A police inspector named Rene Faulks shook his head as he pulled onto rue Champollion and saw the crowd. Faulks understood the common man’s sick fascination with “Mr. Smith.” It was the fear of the unknown, especially fear of sudden, horrible death, that drew people’s interest to these bizarre murders. Mr. Smith had gained a reputation because his actions were so completely incomprehensible. He actually did seem to be an “alien.” Few people could conceive of another human acting as Smith routinely did.
The inspector let his eyes wander. He took in the electronic sign hanging at the Lycée St. Louis corner. Today it advertised “Tour de France Femina” and also something called “Formation d’artistes.” More madness, he thought. He coughed out a cynical laugh.
He noticed a sidewalk artist contemplating his sidewalk chalk masterpiece. The man was oblivious to the police emergency. The same could be said of a homeless woman blithely washing her breakfast dishes in the public fountain.
Good for both of them. They passed Faulks’s test for sanity in the modern age.
As he climbed the gray stone stairway leading to a blue painted door, he was tempted to turn toward the crowd of onlookers massed on rue de Vaugirard, and to scream, “Go back to your little chores and your even smaller lives. Go see an art movie at Cinéma Champollion. This has nothing whatsoever to do with you. Smith takes only interesting and deserving specimens-so you people have absolutely nothing to worry about.”
That morning, one of the finest young surgeons at L’Ecole Pratique de Médecine had been reported missing. If Mr. Smith’s pattern held, within a couple of days, the surgeon would be found dead and mutilated. That was the way it had been with all the other victims. It was the only strand that represented anything like a repeating pattern. Death by mutilation.
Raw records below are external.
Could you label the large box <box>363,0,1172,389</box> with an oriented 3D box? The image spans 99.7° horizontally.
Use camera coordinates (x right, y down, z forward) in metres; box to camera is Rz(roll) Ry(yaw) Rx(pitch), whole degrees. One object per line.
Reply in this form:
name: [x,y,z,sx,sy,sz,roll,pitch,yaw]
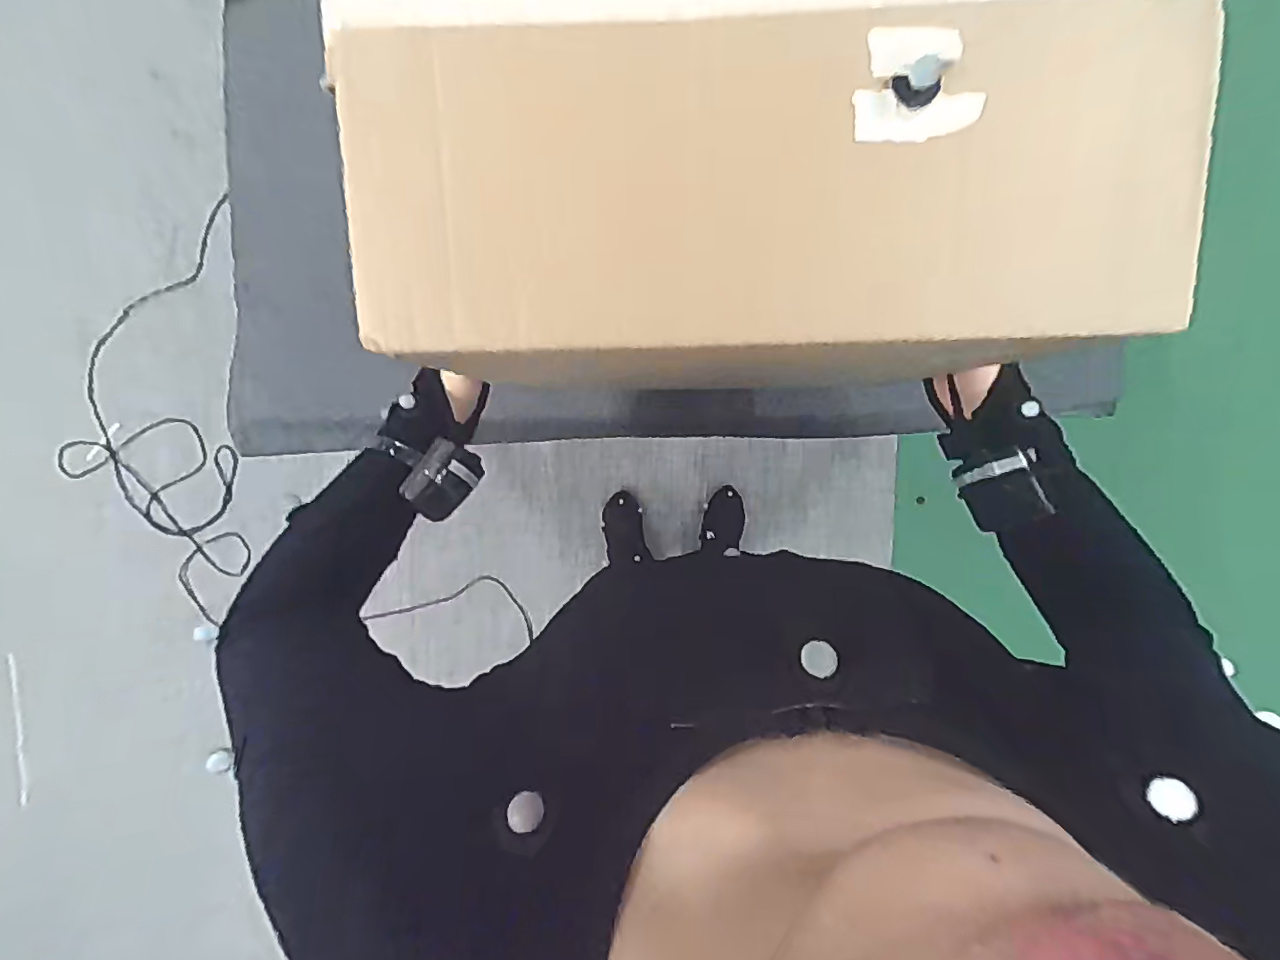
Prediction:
large box: [0.060,-0.244,0.416,0.408,0.320,0.320,-2,97,1]

Faulks nodded and said hello to two flics and another low-ranking inspector inside the surgeon’s expensively furnished apartment. The place was magnificent, filled with antique furniture, expensive art, with a view of the Sorbonne.
Well, the golden boy of L’Ecole Pratique de Médecine had finally gotten a bad break. Yes, things had suddenly gotten very bleak for Dr. Abel Sante.
“Nothing, no sign of a struggle?” Faulks asked the closest flic as he entered the apartment.
“Not a trace, just like the others. The poor rich bastard is gone, though. He’s disappeared, and Mr. Smith has him.”